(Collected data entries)
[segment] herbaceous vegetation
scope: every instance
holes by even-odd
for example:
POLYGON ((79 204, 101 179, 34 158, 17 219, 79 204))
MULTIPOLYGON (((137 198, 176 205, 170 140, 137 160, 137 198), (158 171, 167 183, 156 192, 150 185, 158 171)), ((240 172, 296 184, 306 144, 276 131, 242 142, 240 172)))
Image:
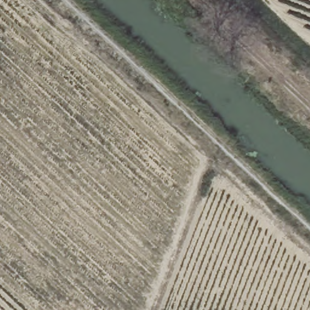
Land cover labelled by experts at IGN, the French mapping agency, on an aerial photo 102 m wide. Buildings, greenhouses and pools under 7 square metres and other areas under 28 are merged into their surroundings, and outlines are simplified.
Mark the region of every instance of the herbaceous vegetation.
POLYGON ((217 136, 213 128, 196 114, 193 108, 186 107, 182 99, 174 96, 159 79, 140 67, 124 48, 110 39, 97 23, 77 8, 71 0, 44 0, 54 12, 67 19, 94 45, 91 53, 97 54, 97 57, 128 87, 137 91, 143 101, 174 128, 174 131, 182 137, 190 134, 196 140, 196 150, 203 151, 207 156, 207 170, 213 170, 216 177, 224 177, 228 168, 242 180, 242 183, 248 185, 272 212, 285 220, 287 225, 292 226, 299 236, 310 243, 310 223, 297 208, 274 193, 265 179, 259 173, 254 173, 247 162, 231 153, 231 148, 225 145, 228 143, 229 133, 217 136))
POLYGON ((222 69, 241 87, 246 82, 256 79, 257 90, 263 92, 277 110, 310 130, 310 69, 292 71, 293 65, 289 61, 291 52, 286 50, 280 41, 266 40, 259 19, 257 22, 249 21, 246 15, 239 12, 223 15, 220 13, 219 5, 211 4, 209 0, 189 0, 191 4, 201 8, 202 17, 197 18, 199 23, 191 28, 190 33, 193 36, 188 40, 196 50, 201 51, 209 63, 222 69))

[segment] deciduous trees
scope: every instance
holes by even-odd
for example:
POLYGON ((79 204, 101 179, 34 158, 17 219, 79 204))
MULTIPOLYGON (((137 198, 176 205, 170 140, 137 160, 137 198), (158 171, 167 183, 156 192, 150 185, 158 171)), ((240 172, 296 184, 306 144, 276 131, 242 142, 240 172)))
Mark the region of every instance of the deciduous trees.
POLYGON ((225 130, 220 121, 222 115, 211 113, 206 105, 206 99, 197 101, 200 93, 186 90, 184 85, 180 85, 177 76, 168 71, 165 64, 157 61, 153 53, 142 46, 142 41, 128 35, 132 31, 131 25, 121 22, 117 25, 113 18, 99 10, 93 0, 71 0, 77 8, 97 23, 110 39, 124 48, 140 67, 159 79, 174 96, 182 99, 186 107, 193 108, 196 114, 213 128, 217 136, 229 133, 228 143, 225 145, 231 148, 231 153, 247 162, 254 173, 259 173, 265 179, 274 193, 297 208, 310 223, 310 203, 302 196, 289 193, 285 185, 277 182, 270 172, 265 171, 262 163, 258 161, 257 153, 247 151, 237 143, 236 127, 229 126, 225 130))
POLYGON ((193 36, 190 33, 191 28, 199 23, 197 18, 202 17, 201 8, 191 4, 189 0, 151 0, 159 15, 170 18, 188 40, 193 36))
POLYGON ((277 110, 263 92, 257 90, 256 79, 246 82, 241 87, 252 102, 262 108, 277 126, 310 154, 310 130, 277 110))
POLYGON ((310 69, 310 45, 282 22, 263 0, 209 0, 211 4, 219 5, 220 13, 223 15, 239 12, 246 15, 249 21, 257 22, 259 19, 266 40, 280 41, 286 50, 291 52, 289 61, 293 65, 292 71, 310 69))

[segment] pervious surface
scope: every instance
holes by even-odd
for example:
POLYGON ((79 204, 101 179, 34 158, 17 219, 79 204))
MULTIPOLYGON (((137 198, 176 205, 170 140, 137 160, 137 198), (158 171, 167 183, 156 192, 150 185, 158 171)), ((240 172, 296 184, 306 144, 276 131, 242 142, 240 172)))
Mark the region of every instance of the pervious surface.
POLYGON ((305 28, 304 19, 288 15, 288 5, 281 4, 279 0, 263 0, 282 22, 310 45, 310 30, 305 28))

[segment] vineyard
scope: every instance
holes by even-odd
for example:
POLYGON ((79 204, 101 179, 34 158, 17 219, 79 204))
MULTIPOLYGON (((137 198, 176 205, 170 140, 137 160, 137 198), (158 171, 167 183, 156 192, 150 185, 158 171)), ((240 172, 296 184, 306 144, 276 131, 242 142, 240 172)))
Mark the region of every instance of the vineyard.
POLYGON ((310 30, 310 0, 279 0, 281 4, 288 5, 288 15, 304 19, 305 28, 310 30))
POLYGON ((310 310, 310 243, 299 236, 292 226, 287 225, 285 220, 272 212, 248 185, 242 183, 242 180, 228 168, 224 177, 216 177, 213 170, 207 170, 207 156, 203 151, 196 150, 196 140, 190 134, 182 137, 174 131, 174 128, 143 101, 137 91, 128 87, 97 57, 97 54, 91 53, 94 45, 67 19, 54 12, 44 0, 0 0, 0 310, 310 310))

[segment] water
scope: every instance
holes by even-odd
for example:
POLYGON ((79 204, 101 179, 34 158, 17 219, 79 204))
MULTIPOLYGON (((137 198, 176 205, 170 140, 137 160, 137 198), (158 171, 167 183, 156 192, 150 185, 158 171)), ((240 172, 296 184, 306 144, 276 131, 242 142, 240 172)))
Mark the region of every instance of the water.
POLYGON ((209 63, 201 51, 196 50, 188 40, 170 18, 159 15, 151 0, 93 0, 99 10, 113 18, 117 25, 121 22, 131 25, 132 31, 128 35, 142 41, 142 46, 153 53, 157 61, 165 64, 168 71, 177 76, 180 85, 184 85, 186 90, 200 93, 197 101, 206 99, 206 105, 211 113, 222 115, 220 121, 225 130, 229 126, 236 127, 237 143, 247 151, 257 153, 258 161, 262 163, 265 171, 270 172, 277 182, 285 185, 289 193, 302 196, 310 203, 310 154, 277 126, 262 108, 252 102, 241 87, 222 69, 209 63))

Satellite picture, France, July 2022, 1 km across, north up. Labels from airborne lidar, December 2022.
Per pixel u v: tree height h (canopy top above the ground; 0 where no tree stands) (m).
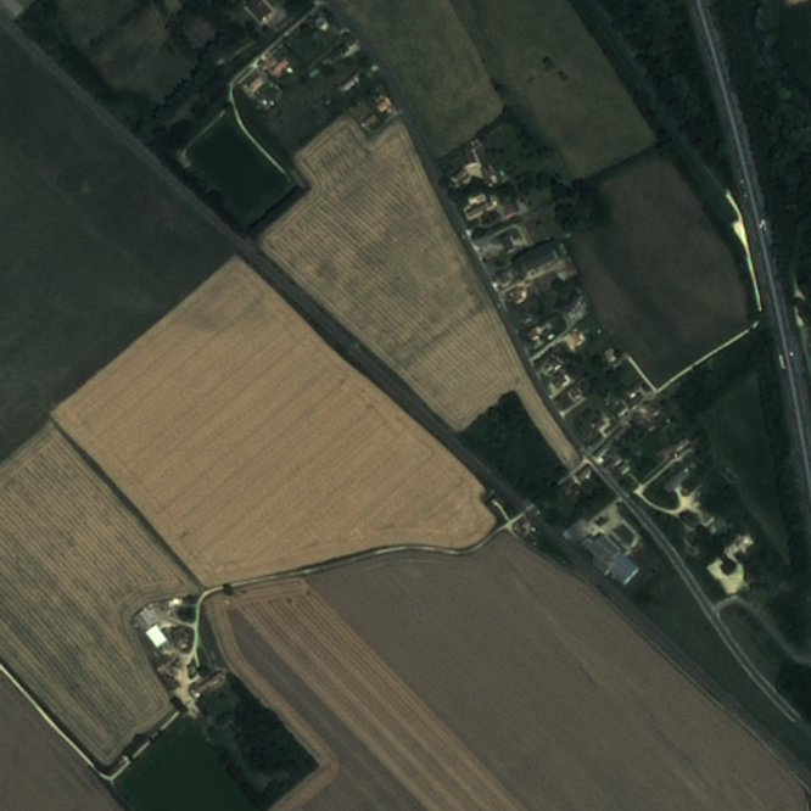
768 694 0
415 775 0
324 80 0
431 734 0
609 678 0
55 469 0
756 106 23
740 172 0
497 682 0
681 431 10
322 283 0
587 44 0
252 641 0
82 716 0
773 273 0
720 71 0
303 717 0
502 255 0
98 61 0
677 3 16
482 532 0
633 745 0
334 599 0
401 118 0
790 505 16
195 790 0
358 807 0
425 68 0
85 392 0
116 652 0
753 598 0
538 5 0
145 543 0
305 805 0
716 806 0
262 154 0
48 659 0
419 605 0
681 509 0
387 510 0
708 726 0
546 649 0
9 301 0
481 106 0
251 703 12
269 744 14
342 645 0
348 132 0
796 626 7
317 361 0
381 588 0
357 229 0
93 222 0
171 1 0
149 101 0
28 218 0
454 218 0
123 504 0
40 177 0
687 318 0
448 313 0
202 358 0
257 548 0
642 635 0
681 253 0
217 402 0
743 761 0
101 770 9
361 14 0
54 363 0
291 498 0
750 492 0
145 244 0
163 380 0
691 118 11
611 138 0
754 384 0
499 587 0
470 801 0
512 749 0
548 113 0
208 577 0
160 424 0
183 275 0
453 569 0
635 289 0
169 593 0
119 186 0
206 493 0
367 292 0
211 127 0
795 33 0
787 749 0
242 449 0
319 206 0
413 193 0
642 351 0
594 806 0
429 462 0
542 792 0
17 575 0
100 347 0
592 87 0
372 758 0
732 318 0
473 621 0
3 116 0
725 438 0
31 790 0
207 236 0
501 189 7
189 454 0
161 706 0
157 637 0
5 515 0
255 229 15
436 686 0
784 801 0
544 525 0
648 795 0
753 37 8
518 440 6
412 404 0
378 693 0
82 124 0
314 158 0
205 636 0
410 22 0
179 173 8
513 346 0
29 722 0
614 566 0
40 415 0
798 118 13
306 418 0
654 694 0
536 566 0
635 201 0
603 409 0
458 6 0
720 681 0
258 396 0
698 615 0
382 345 0
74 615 0
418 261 0
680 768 0
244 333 0
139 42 0
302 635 0
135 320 0
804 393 0
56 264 0
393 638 0
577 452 0
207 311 0
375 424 0
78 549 0
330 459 0
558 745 0
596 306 0
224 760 12
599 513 0
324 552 0
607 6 13
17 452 0
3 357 0
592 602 0
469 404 0
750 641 0
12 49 0
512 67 0
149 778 0
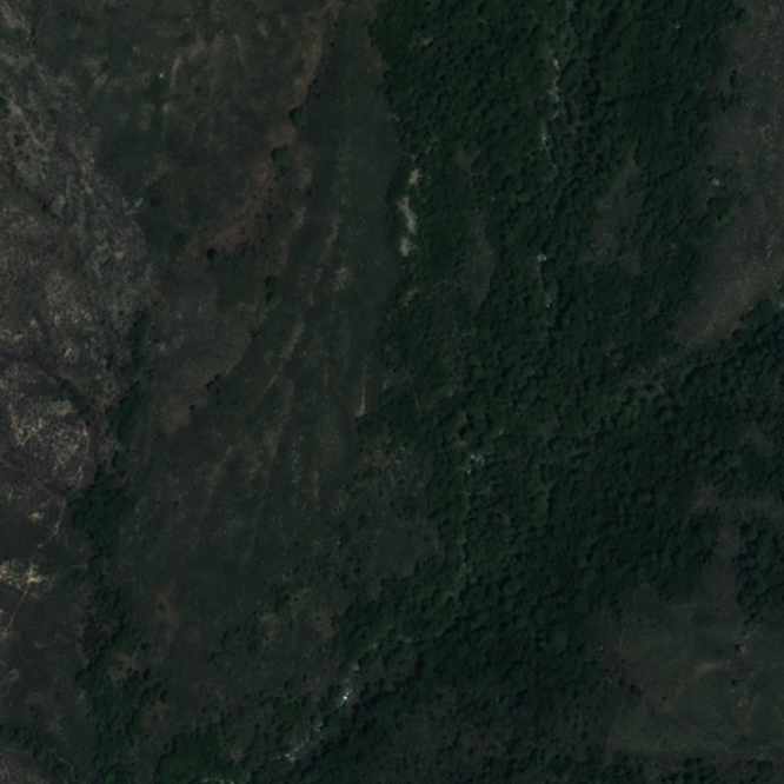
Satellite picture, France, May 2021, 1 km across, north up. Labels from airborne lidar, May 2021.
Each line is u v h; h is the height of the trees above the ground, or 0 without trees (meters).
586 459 23
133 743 10
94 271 0
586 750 6
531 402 22
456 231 10
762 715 0
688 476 12
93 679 12
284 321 0
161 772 26
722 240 0
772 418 10
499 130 23
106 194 0
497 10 23
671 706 0
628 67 16
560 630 24
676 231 13
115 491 8
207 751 19
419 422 10
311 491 0
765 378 7
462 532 20
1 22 0
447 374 8
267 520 0
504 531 22
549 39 7
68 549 0
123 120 0
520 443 16
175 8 0
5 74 0
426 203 9
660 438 8
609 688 7
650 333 9
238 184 0
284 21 0
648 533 11
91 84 0
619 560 10
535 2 18
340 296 0
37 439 0
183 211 0
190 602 0
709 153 0
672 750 0
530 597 10
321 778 20
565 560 12
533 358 13
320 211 0
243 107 0
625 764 7
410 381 6
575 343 25
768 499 0
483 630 25
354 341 0
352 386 0
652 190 11
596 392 20
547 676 21
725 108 8
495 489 11
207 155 0
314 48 0
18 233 0
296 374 0
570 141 14
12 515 0
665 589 8
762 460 9
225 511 0
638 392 26
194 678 0
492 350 28
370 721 8
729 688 0
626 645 0
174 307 0
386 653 9
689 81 16
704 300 0
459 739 6
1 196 0
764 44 0
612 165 25
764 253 0
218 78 0
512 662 11
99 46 0
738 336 22
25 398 0
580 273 15
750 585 9
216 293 0
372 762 9
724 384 16
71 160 0
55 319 0
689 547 17
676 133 13
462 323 7
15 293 0
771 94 0
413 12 8
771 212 0
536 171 9
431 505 10
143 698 8
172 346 0
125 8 0
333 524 7
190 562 0
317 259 0
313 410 0
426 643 20
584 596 19
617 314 8
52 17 0
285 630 0
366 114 0
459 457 31
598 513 20
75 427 0
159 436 0
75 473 0
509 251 24
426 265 10
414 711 8
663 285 9
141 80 0
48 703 0
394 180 7
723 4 9
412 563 0
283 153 21
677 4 14
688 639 0
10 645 0
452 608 7
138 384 12
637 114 15
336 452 0
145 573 0
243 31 0
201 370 0
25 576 0
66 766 13
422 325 11
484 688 8
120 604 20
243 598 0
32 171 0
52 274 0
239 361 0
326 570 6
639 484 6
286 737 9
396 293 6
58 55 0
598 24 19
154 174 0
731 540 0
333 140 0
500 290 23
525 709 19
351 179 0
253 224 0
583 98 7
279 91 0
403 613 25
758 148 0
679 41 9
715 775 6
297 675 7
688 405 11
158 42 0
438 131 21
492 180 8
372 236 0
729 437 10
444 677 19
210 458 0
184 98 0
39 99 0
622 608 8
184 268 0
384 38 11
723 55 6
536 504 23
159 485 0
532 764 20
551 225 18
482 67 12
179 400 0
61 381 8
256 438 0
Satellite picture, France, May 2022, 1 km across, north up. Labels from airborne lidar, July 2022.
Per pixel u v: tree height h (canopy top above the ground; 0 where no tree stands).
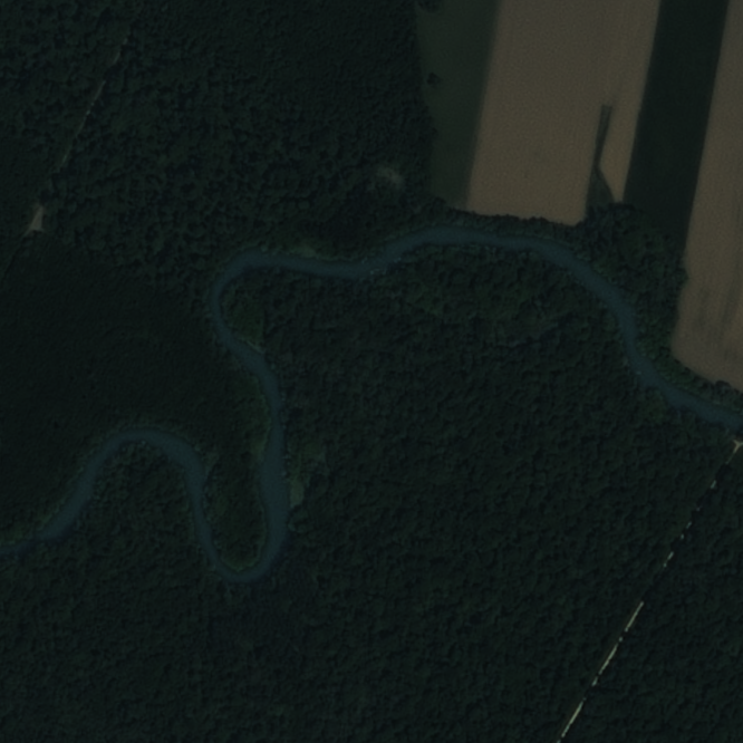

• [Problem to solve]: Scan the records for the word "July", and copy each line where it is found.

• [Answer to this exercise]:
Satellite picture, France, July 2022, 1 km across, north up. Labels from airborne lidar, December 2022.
Satellite picture, France, May 2022, 1 km across, north up. Labels from airborne lidar, July 2022.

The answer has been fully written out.